The law provides a way for people to resolve their differences peacefully and ensures that society is orderly. It also protects people’s liberties and rights by establishing standards and ensuring that the government is not overreaching its power. The law consists of a variety of branches, such as contracts and property laws. Each has specific rules that regulate a particular aspect of daily life, such as the requirement that drivers wear seatbelts or that landlords keep their buildings in good repair.

In countries with “common law” legal systems, judicial decisions are explicitly recognized as “law” on equal footing with statutes passed through the legislative process and regulations issued by executive branch agencies. This is known as the “doctrine of stare decisis” and helps to assure that similar cases reach similar outcomes. In contrast, countries with “civil law” systems use codes that reorganize Roman and customary law into more systematic forms for easier application.

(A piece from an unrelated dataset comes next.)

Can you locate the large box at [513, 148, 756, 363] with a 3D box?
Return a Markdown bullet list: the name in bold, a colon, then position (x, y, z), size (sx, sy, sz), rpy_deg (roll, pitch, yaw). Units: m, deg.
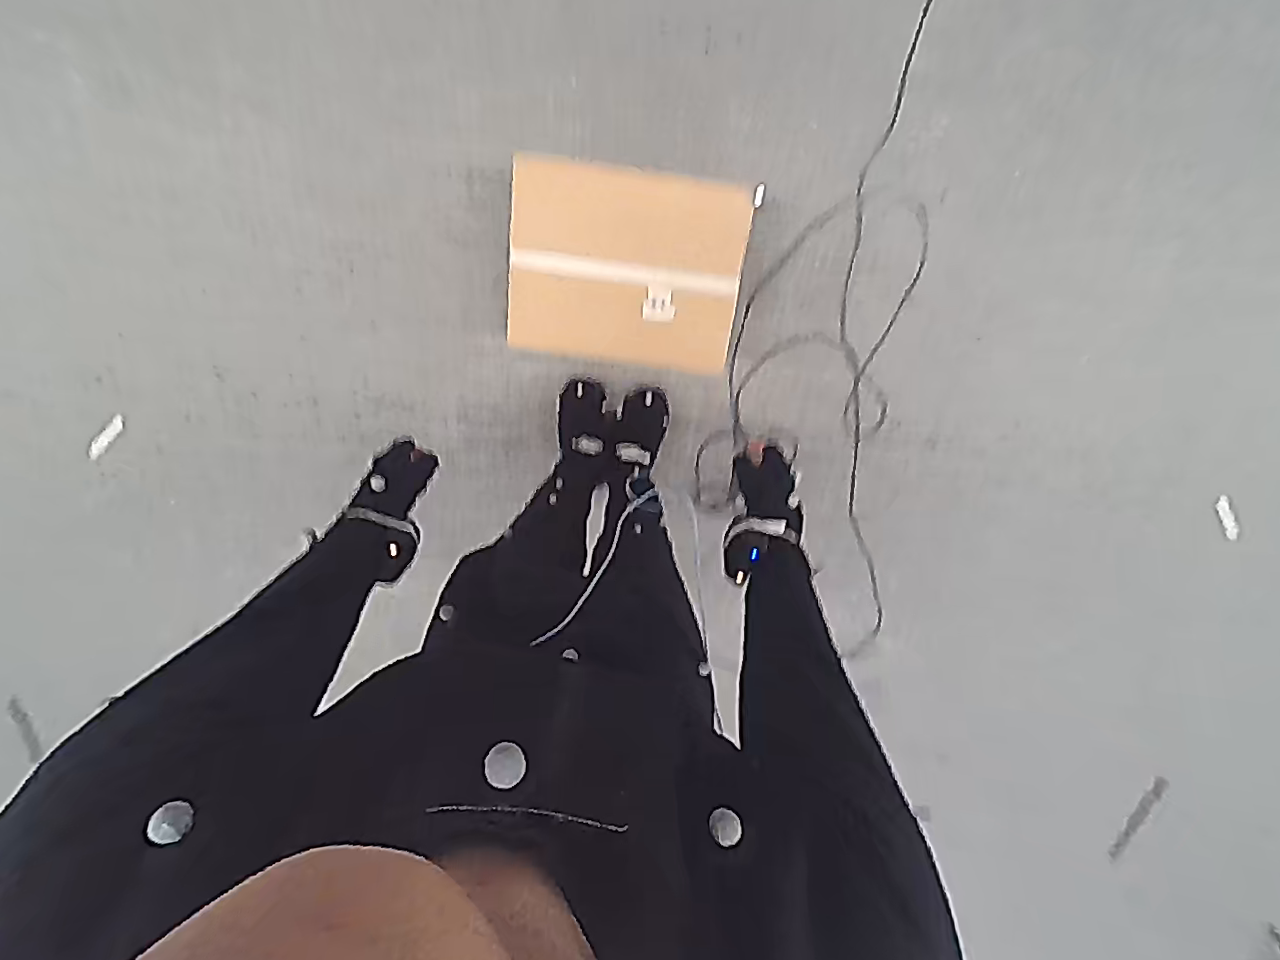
- **large box**: position (-0.022, -0.436, 1.083), size (0.408, 0.320, 0.320), rpy_deg (7, 113, -3)

The precise definition of law is a matter of ongoing debate. One view is that it consists of the individual’s rational choice in a given situation based on her experience (broadly defined to include first hand experiences and stories she has heard). Another is Holmes’ ontological understanding of law, that is, a flowing process in which participants’ probability estimates are updated as they learn from experience. The resulting narratives are then codified into “law.” A third approach is to see law as a set of rules and institutions created and enforced by social or governmental authorities for the purpose of regulating behavior.